On November 3, 2005 BEA Systems announced the acquisition of SolarMetric, editors of the Kodo persistence engine. The acquisitions continued in 2006 with Plumtree Software, an enterprise portal company, Fuego, a business process management (BPM) software company, and Flashline, a metadata repository company. These acquisitions have since become parts of the AquaLogic SOA product stack.

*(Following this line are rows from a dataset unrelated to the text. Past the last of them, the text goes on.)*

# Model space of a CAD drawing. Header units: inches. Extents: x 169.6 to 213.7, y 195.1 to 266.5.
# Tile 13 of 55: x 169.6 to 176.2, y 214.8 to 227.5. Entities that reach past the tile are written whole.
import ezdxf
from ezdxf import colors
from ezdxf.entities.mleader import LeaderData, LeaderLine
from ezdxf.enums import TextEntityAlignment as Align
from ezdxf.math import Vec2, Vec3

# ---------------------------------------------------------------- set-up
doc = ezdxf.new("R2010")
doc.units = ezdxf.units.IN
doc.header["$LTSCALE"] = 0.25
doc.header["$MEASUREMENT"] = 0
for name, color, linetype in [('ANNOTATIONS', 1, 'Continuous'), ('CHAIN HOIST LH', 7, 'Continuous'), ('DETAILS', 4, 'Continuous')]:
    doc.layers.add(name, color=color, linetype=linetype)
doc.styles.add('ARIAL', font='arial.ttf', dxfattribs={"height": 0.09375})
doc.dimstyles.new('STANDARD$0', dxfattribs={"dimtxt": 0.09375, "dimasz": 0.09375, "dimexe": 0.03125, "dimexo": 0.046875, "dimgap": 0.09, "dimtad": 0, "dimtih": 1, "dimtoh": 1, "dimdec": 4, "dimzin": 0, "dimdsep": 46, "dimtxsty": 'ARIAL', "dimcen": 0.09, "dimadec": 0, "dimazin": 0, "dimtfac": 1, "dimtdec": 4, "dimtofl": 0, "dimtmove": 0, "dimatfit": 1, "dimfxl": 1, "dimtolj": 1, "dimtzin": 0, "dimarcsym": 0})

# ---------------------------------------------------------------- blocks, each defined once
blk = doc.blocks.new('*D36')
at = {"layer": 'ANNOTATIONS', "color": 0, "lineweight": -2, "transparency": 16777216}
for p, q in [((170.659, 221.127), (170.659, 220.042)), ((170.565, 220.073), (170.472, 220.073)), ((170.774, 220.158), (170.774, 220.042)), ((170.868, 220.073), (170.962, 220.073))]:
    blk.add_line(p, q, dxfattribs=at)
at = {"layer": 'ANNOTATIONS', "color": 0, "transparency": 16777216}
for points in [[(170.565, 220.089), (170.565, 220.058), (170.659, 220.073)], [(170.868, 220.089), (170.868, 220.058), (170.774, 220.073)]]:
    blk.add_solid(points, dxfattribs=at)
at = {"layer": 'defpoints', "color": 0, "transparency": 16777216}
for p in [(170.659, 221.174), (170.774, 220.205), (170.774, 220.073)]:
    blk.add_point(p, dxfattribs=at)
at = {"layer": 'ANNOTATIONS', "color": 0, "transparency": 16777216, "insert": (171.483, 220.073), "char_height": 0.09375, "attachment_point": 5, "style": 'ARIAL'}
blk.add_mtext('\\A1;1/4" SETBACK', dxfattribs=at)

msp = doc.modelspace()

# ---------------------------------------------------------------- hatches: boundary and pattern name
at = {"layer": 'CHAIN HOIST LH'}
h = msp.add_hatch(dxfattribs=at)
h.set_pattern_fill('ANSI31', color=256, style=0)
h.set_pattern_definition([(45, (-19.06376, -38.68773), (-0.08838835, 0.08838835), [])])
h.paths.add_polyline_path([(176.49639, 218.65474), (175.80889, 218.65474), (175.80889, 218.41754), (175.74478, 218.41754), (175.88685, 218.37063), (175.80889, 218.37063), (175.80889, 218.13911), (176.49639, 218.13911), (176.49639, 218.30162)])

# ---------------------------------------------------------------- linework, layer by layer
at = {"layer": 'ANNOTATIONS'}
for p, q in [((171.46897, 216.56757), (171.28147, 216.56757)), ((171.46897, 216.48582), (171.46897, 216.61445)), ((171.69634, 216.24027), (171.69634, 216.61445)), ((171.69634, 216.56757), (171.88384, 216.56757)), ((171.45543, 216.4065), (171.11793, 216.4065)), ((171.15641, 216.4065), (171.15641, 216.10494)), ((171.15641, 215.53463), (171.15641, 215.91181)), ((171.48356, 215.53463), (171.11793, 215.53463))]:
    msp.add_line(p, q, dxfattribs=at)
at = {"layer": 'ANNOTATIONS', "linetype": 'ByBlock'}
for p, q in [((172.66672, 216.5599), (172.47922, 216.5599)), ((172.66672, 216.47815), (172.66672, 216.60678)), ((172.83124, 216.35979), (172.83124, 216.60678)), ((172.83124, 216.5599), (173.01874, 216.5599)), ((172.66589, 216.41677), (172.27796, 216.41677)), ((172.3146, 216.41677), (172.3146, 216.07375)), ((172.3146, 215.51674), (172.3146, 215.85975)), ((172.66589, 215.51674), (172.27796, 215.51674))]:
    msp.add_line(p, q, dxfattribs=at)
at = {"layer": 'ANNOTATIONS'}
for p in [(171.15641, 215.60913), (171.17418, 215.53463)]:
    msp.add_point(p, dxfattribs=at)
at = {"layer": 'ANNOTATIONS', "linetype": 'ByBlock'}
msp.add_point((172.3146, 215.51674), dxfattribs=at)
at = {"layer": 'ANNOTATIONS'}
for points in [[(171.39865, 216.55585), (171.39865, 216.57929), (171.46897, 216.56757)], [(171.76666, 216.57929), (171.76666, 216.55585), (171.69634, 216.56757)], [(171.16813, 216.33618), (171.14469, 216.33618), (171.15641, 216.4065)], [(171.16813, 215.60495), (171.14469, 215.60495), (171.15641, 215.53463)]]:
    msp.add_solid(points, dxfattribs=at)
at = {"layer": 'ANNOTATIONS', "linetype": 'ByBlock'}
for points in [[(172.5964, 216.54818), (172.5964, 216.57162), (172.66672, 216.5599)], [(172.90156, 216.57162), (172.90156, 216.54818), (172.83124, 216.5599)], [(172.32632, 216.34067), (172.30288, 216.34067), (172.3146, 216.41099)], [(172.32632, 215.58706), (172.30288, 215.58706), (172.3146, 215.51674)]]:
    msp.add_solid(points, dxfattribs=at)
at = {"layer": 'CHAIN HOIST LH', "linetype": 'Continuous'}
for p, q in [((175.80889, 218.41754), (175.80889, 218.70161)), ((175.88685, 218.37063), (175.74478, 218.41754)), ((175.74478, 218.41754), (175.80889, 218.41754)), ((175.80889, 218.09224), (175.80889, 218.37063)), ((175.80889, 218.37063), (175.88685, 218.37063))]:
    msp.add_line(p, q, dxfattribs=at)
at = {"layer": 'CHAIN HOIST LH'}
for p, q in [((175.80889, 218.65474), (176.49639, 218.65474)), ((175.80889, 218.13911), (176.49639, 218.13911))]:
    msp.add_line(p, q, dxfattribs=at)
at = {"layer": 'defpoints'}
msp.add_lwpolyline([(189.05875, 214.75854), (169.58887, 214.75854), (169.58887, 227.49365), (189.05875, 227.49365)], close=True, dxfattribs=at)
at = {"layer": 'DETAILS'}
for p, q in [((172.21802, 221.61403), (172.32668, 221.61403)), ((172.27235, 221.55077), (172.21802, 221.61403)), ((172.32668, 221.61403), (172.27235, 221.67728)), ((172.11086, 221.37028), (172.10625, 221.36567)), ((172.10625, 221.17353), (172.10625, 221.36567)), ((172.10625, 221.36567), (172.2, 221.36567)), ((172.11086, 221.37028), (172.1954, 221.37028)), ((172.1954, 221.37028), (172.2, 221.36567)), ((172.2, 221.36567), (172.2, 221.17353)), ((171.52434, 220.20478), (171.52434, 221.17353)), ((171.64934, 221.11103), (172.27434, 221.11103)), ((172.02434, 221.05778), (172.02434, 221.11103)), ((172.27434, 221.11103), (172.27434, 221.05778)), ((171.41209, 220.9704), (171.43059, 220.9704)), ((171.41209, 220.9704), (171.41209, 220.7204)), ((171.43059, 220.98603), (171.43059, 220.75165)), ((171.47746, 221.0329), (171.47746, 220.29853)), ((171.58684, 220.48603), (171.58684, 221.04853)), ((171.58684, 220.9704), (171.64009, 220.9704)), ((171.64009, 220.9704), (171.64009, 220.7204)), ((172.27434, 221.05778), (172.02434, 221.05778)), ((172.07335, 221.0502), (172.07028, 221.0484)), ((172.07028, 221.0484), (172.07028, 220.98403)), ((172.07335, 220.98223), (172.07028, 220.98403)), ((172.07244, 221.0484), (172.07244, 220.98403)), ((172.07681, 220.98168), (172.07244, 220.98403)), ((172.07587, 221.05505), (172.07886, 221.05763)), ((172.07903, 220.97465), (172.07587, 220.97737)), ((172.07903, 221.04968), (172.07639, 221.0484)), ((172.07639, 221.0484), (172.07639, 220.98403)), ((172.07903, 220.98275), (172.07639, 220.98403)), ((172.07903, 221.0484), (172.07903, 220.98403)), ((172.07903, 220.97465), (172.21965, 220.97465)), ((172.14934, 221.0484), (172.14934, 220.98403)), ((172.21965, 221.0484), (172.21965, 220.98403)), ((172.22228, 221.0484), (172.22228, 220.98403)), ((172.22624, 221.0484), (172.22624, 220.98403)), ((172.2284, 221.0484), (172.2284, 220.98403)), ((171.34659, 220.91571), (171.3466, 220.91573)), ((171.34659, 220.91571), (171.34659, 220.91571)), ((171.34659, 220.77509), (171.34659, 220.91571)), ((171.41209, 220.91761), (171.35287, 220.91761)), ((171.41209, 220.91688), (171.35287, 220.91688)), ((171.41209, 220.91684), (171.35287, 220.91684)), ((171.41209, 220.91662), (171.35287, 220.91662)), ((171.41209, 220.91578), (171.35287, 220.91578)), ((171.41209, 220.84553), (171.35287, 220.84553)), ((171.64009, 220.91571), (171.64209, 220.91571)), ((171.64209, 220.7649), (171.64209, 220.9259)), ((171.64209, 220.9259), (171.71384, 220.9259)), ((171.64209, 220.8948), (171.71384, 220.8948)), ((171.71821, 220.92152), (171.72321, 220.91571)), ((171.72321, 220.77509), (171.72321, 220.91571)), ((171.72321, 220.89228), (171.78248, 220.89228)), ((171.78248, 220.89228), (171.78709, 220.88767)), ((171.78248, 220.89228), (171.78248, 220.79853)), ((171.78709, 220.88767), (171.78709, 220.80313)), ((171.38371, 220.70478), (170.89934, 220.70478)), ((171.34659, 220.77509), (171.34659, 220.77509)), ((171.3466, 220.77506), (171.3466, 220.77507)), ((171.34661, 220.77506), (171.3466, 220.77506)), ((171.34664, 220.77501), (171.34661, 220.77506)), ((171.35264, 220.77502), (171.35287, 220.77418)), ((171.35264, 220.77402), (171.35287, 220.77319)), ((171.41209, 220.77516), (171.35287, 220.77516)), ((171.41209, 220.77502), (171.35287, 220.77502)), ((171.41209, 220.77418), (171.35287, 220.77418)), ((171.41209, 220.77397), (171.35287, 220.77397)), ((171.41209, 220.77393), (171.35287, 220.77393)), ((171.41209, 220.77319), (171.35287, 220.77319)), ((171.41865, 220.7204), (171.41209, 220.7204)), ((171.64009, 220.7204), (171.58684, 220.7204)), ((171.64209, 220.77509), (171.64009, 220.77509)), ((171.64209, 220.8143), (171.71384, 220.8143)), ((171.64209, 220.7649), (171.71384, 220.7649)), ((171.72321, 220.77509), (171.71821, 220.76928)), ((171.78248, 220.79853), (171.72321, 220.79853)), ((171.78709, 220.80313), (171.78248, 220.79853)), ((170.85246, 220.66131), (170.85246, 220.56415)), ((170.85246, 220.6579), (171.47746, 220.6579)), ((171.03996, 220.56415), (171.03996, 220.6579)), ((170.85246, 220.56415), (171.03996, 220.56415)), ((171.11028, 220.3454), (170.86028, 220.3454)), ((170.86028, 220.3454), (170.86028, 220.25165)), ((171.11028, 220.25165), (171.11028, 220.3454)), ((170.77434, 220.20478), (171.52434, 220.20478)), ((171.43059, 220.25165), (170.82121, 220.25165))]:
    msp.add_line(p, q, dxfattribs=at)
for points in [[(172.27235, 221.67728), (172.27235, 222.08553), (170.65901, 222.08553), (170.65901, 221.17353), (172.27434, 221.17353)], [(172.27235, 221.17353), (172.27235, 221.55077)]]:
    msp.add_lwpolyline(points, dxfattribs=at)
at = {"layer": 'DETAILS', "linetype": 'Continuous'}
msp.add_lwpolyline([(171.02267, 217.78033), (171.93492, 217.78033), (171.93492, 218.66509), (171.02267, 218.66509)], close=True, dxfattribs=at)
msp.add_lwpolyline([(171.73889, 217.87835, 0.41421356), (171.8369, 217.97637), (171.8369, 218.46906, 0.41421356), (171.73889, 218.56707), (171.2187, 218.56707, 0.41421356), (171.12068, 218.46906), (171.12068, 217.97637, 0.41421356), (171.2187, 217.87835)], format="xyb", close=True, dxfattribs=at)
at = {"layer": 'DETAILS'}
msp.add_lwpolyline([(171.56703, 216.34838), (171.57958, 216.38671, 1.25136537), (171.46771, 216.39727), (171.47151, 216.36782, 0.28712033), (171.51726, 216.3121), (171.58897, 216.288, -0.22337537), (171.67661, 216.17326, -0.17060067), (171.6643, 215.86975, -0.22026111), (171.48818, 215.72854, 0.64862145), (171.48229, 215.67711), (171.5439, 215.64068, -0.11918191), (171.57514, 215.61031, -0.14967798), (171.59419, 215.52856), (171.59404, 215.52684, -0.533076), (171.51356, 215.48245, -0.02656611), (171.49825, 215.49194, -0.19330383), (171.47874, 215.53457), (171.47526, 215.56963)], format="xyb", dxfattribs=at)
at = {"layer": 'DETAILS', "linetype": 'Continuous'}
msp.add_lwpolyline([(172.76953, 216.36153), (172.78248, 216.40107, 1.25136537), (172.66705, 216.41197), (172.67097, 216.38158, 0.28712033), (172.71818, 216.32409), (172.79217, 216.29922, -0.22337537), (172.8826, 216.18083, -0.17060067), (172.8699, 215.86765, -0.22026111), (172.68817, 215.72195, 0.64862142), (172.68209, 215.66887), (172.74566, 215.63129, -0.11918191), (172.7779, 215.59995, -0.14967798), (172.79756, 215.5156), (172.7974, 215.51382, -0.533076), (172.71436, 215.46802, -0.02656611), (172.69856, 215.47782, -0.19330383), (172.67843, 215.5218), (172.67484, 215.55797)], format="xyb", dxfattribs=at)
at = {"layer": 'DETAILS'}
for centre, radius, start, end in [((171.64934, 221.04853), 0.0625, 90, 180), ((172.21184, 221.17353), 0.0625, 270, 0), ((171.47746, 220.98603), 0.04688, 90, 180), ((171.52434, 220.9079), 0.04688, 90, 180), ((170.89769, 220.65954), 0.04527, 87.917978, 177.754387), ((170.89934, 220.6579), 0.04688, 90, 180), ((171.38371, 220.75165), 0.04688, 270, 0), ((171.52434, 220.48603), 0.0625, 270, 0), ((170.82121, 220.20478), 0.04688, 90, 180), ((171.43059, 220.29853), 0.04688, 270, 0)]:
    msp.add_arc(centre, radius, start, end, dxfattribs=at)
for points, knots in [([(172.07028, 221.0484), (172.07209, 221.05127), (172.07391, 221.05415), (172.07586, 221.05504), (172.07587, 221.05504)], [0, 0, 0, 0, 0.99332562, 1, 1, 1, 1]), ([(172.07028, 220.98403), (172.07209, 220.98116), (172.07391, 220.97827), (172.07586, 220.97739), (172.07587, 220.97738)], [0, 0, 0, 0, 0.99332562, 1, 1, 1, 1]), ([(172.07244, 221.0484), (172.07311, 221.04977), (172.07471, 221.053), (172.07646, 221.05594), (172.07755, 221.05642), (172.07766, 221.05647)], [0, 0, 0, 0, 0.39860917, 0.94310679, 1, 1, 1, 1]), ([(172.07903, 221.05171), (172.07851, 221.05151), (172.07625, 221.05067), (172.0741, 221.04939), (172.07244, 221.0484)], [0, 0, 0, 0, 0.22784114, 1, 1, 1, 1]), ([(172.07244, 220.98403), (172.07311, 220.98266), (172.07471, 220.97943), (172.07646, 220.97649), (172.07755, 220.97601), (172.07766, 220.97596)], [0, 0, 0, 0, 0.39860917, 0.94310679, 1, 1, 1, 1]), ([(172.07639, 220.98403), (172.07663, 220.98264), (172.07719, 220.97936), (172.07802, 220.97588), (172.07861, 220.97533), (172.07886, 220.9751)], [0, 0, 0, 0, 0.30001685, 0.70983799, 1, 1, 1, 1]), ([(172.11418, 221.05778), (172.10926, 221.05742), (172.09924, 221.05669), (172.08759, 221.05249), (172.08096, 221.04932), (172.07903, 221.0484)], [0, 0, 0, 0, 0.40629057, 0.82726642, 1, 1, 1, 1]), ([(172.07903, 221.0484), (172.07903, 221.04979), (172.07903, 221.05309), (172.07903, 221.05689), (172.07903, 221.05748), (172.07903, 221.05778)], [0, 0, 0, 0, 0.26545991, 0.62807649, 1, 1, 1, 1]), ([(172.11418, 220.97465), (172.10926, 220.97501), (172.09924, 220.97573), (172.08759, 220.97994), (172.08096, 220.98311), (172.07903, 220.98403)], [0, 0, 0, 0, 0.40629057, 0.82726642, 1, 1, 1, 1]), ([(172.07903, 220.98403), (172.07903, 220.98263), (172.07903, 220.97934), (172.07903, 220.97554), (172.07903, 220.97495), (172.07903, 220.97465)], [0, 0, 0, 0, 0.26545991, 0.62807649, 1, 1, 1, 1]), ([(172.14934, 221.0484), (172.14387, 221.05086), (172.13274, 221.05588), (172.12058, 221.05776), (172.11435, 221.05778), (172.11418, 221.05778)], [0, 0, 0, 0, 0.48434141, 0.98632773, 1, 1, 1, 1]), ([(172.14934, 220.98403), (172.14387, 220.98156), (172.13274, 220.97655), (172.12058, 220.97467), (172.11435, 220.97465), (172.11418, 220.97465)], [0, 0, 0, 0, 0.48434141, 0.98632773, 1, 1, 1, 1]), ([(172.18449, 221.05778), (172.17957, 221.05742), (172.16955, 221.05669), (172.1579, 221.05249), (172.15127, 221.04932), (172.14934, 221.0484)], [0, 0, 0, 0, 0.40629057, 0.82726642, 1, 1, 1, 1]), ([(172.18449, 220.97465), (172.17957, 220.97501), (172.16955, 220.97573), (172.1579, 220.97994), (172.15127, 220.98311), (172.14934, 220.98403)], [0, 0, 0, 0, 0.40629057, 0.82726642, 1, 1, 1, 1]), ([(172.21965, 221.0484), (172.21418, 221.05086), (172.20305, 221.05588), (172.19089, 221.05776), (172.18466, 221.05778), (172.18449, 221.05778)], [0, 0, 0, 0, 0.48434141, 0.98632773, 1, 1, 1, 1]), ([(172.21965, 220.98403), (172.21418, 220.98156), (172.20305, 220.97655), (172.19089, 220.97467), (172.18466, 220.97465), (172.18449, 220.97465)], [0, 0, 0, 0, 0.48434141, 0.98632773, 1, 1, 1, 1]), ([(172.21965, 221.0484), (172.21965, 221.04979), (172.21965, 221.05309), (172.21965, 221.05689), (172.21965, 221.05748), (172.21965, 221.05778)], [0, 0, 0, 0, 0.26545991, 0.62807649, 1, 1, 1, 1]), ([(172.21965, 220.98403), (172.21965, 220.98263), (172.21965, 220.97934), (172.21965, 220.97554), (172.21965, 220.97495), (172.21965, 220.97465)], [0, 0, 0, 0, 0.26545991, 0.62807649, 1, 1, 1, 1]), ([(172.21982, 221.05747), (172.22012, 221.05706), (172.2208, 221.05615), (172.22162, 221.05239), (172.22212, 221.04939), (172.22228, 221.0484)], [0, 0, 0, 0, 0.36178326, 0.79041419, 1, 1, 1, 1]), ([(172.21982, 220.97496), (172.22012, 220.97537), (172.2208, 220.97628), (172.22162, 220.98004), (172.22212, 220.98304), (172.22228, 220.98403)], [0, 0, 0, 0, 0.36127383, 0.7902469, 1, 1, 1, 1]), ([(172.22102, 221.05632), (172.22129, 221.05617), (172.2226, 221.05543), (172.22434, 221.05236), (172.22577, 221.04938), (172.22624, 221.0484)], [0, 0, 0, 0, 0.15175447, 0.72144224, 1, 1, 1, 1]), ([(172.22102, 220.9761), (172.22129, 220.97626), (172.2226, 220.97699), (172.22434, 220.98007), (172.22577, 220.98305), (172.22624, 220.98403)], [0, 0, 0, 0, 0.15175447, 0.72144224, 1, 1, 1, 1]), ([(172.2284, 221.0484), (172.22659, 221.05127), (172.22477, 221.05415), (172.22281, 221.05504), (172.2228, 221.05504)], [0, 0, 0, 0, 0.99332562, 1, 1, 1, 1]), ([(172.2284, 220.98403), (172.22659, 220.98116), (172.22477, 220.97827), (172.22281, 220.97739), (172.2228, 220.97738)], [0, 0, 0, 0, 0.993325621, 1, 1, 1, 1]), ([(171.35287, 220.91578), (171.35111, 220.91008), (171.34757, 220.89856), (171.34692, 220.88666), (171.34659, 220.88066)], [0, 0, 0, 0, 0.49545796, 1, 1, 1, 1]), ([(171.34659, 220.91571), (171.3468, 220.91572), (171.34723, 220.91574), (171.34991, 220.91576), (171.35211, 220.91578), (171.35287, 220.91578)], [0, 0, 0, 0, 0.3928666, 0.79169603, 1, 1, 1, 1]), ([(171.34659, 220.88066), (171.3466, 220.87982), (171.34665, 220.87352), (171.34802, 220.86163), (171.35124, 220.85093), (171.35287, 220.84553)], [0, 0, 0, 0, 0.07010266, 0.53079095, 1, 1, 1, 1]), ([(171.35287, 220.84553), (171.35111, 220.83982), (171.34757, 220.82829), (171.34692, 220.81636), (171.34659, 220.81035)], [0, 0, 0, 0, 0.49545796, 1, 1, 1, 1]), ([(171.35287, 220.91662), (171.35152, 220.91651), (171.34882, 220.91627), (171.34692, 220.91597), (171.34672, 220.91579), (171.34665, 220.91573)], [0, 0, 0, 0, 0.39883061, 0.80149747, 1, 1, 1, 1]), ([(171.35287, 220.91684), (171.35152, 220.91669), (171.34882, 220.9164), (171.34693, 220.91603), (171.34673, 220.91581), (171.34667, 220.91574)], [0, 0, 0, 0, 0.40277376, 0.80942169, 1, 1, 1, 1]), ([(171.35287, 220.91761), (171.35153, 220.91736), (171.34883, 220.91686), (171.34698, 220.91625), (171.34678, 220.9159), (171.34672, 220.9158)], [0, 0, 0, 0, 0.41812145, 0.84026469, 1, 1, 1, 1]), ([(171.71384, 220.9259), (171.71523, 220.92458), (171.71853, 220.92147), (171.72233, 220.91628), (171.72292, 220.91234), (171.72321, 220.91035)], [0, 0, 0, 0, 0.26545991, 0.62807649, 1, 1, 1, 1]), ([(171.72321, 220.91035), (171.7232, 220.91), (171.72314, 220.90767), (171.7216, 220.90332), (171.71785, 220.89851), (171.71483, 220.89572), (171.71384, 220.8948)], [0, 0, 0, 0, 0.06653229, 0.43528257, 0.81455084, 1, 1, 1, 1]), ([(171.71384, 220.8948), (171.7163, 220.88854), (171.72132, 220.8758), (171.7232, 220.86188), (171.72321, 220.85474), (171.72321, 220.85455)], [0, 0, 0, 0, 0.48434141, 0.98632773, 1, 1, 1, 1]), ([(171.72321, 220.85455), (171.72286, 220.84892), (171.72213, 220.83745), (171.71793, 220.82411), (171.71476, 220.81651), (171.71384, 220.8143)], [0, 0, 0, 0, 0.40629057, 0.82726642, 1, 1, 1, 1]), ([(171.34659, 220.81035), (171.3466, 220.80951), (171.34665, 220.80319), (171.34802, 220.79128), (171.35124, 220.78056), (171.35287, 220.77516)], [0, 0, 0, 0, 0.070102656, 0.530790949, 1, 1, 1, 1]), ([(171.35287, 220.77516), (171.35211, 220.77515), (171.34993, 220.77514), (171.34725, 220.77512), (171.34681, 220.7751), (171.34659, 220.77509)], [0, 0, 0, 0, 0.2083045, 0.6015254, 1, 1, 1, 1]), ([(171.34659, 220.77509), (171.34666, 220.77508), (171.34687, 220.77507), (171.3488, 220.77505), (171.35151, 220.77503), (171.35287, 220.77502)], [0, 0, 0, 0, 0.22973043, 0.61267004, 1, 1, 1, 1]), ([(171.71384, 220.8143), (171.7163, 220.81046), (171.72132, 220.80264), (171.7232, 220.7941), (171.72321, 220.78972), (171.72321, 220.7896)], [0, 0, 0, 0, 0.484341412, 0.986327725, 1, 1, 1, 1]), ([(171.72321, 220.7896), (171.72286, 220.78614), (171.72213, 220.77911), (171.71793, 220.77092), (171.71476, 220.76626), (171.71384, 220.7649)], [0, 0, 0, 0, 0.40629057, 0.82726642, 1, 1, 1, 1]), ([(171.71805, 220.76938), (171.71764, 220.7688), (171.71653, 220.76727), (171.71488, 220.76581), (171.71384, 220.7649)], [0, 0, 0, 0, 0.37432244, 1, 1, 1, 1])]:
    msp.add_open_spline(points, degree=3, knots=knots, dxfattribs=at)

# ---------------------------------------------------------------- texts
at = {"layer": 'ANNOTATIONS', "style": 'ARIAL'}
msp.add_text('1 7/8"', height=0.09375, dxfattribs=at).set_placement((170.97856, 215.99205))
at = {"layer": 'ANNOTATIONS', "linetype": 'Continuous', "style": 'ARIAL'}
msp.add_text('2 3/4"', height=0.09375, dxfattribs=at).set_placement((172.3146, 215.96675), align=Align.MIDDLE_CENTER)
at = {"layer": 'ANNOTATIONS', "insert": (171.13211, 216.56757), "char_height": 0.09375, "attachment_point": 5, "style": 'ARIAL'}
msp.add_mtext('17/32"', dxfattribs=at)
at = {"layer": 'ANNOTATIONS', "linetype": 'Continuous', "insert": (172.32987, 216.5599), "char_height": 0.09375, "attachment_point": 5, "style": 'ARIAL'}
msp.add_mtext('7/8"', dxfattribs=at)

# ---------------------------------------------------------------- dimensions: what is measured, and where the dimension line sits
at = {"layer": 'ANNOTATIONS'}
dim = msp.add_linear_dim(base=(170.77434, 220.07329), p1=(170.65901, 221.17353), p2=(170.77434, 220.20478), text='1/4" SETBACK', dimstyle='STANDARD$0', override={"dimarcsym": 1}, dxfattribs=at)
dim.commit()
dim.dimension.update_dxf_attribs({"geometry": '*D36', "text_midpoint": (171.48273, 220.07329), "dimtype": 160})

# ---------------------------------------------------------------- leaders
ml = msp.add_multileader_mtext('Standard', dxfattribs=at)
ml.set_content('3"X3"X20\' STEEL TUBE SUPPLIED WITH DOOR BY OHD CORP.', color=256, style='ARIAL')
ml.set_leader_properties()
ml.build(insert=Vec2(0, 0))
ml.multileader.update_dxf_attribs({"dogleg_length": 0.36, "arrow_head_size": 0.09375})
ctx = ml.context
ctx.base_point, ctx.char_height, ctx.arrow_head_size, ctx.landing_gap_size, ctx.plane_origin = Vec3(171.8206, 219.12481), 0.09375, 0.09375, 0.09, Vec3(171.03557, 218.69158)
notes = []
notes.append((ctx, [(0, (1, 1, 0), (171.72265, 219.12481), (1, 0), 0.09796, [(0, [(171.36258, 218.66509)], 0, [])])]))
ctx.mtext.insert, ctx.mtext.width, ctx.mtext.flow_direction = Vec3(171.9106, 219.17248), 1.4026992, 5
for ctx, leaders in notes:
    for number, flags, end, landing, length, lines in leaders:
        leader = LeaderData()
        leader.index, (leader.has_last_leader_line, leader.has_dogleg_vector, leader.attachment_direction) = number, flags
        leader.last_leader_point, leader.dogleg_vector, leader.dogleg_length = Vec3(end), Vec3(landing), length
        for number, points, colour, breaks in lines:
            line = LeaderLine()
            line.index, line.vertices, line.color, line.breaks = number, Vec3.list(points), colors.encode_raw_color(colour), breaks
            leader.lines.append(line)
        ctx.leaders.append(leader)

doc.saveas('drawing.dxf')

On October 12, 2007, Oracle announced their intent to buy BEA Systems for $6.7 billion.[2] As a result of the offer, BEA's stock price rose over five dollars upon the opening of trading for the day.[3]


[edit] Financial Results
On the 22 February 2007 BEA Systems closed out its fiscal year with $1.4bn in revenues, 17% higher than the previous year. And it came out of the year with $1.2bn in cash, retiring over $250m in convertible debt.


[edit] Products
BEA has three major product lines,

The Tuxedo Transaction Oriented Middleware platform
The WebLogic J2EE Enterprise Infrastructure platform and
The AquaLogic Service Oriented Architecture (SOA) platform.
BEA started out with the Tuxedo software product, but currently the products they are best known for in the computer industry are the BEA WebLogic product family, which consists of WebLogic Server, WebLogic Workshop, WebLogic Portal, WebLogic Integration and JRockit. In 2005, BEA launched a new product family called AquaLogic for service-oriented architecture deployment. They have also entered the telecommunications field with their WebLogic Communications Platform, which includes WebLogic SIP Server and WebLogic Network Gatekeeper. BEA also has a product offering for the RFID market called the BEA WebLogic RFID Product Family.


[edit] AquaLogic
AquaLogic is a software suite from BEA Systems for managing service-oriented architecture (SOA). It includes following products:

BEA AquaLogic BPM suite is a set of business process management (BPM) tools. It combines workflow and process technology with enterprise application integration functionality. The suite consists of tools aimed for line of business personnel for creating business process models (AquaLogic BPM Designer), as well as tools for IT personnel to create actual business process applications directly from said models (AquaLogic BPM Studio). The completed business process applications are deployed on a production sever (AquaLogic BPM Enterprise Server), from which they integrate to backend applications and generate portal views for human interactions in the process. It also comes with a customizable tools for live business activity monitoring (BAM).
BEA AquaLogic User Interaction is a set of tools used to create portals, collaborative communities composite applications and other applications that use service architecture. These technologies work cross-platform.
BEA AquaLogic Enterprise Repository, a vital element of effective Service-oriented architecture life cycle governance, manages the metadata for any type of software asset, from business processes and Web Services to patterns, frameworks, applications, and components. It maps the relationships and interdependencies that connect these assets to improve impact analysis, promote and systematize software reuse, and measure the impact on the bottom line.
BEA AquaLogic Service Bus is an enterprise service bus (ESB) with operational service-management that allows the interaction between services, routing relationships, transformations, and policies.
BEA AquaLogic Service Registry is a UDDI v3 registry with an embedded governance framework. It provides a repository where services can be registered and reused for developing or modifying applications.
BEA AquaLogic Data Services Platform (previously known as Liquid Data) provides tools for creating and managing different data services. It uses the XQuery language for data composition and transformation for a variety of data sources, including relational databases and web services.
BEA AquaLogic Enterprise Security is a security infrastructure application for distributed authentication, fine-grained entitlements and other security services. Features include allowing users to define access rules for applications without modifying the software itself, including JSP pages, EJBs and portlets.